Плуг снова двинулся, только уж гораздо медленнее, и снова лемех глубоко взрезывал рыхлую пашню, а по блестящему железу стекали ручейки темной размельченной земли.

Юстина узким краем ржаного поля шла рядом с плугом и с недоумением вглядывалась в недовольное лицо своего спутника. С минуту помолчав, она спросила, указывая рукой на один клин:

— По клеверу?

— Да, по клеверу.

— Под пшеницу?

Он бросил на нее быстрый взгляд, в котором мелькнули недоверие и опасение. Он мог подумать, что над ним насмехаются.

— А вы хорошо знаете хозяйство?

Теперь смутилась Юстина. Действительно, она почти ничего не знала о той земле, по которой ходила, которая нередко пробуждала в ней восторг и любопытство. Кое-что она могла еще усвоить из разговоров окружающих ее лиц, но к полевым работам никогда не присматривалась. В эту минуту ее дивила легкость, с которой молодой пахарь справлял свою работу. Она воображала, что пахать так трудно.

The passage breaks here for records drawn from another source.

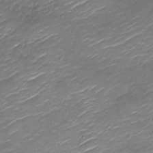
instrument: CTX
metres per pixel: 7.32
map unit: Nve
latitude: -17.9745
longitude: 107.4644
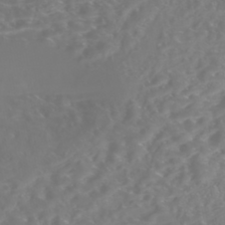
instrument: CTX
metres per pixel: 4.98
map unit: Nhe
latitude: -46.6896
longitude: 153.0864
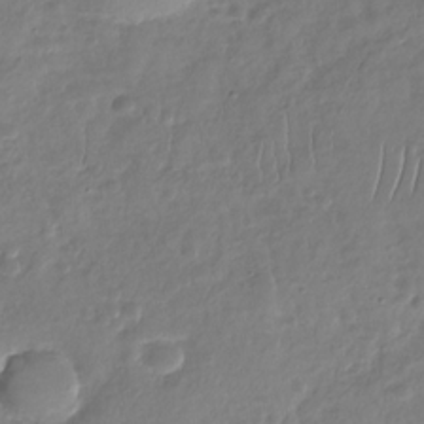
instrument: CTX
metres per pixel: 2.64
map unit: Nhu
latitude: -30.2928
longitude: -61.0647
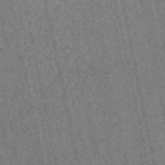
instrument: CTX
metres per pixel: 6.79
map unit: HNb
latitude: -53.6155
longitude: -38.3845
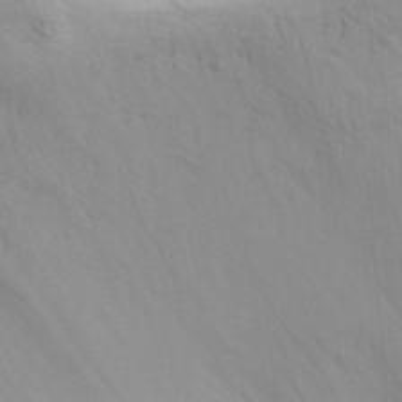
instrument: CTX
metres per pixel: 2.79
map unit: Aa
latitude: 31.2348
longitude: -143.8961
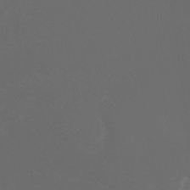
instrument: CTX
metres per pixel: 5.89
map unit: Nhe
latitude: -38.0283
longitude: -88.7813
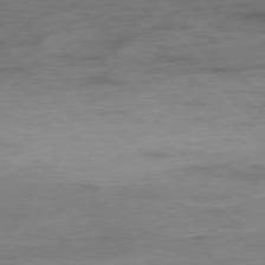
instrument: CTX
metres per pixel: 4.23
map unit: Ap
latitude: -77.8611
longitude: -88.5735
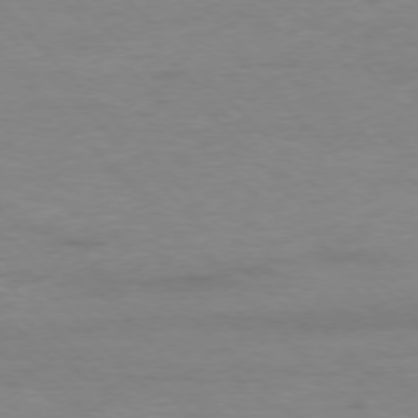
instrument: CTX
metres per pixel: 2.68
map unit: Ap
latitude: -77.1998
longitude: -83.0647
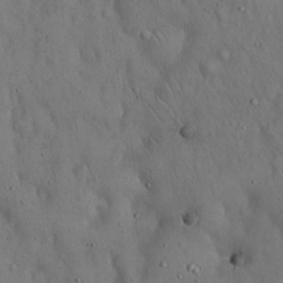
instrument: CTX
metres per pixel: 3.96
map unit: Hto
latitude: 15.4805
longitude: -59.9339
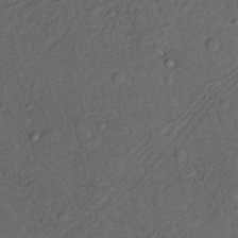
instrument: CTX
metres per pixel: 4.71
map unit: Nhu
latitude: 22.2333
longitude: -70.3656

— Разно бывает, — ответил Ян. — Бывает, что тяжело, бывает и легко. Первое — от почвы зависит, а потом от привычки и от силы. К тому же и плуги теперь иные, чем были встарь. Для меня десятину вспахать все равно, что на прогулку пойти.

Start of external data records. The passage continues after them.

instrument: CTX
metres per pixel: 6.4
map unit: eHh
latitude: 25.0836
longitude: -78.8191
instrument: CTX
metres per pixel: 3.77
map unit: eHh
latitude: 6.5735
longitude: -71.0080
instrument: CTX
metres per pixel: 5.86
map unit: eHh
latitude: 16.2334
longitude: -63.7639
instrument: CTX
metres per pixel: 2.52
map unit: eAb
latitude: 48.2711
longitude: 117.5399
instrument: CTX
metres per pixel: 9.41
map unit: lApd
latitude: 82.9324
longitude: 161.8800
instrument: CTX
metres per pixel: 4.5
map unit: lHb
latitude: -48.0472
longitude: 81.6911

При последних словах он бойко встряхнул головой, и белые зубы его снова блеснули из-под золотистых усов. Видимо, сознание своей силы и пригодности к работе, которою он занимался всю жизнь, делало его довольным и гордым. Вообще в фигуре, движениях и разговоре его как-то странно сочетались и дикая застенчивость, и гордая самонадеянность, и чуть ли не девичья стыдливость, и мужская зрелая сила. Ему, видимо, хотелось быть живым и разговорчивым, а вместе с тем любезным и вежливым. В эту минуту, по крайней мере, живость и разговорчивость победили робость. Поправив что-то у плуга, он выпрямился, хлестнул вожжами лошадей и с сияющим лицом заговорил:

— Сегодня я никак не ожидал бы увидеть вас в поле. Все говорят, нынче в усадьбе бал.

— Не весело мне было на этом балу, вот мне и захотелось выйти в поле, — живо и совершенно невольно вырвалось у Юстины.

Улыбка пропала с лица Богатыровича. Он посмотрел на Юстину более долгим и смелым взглядом.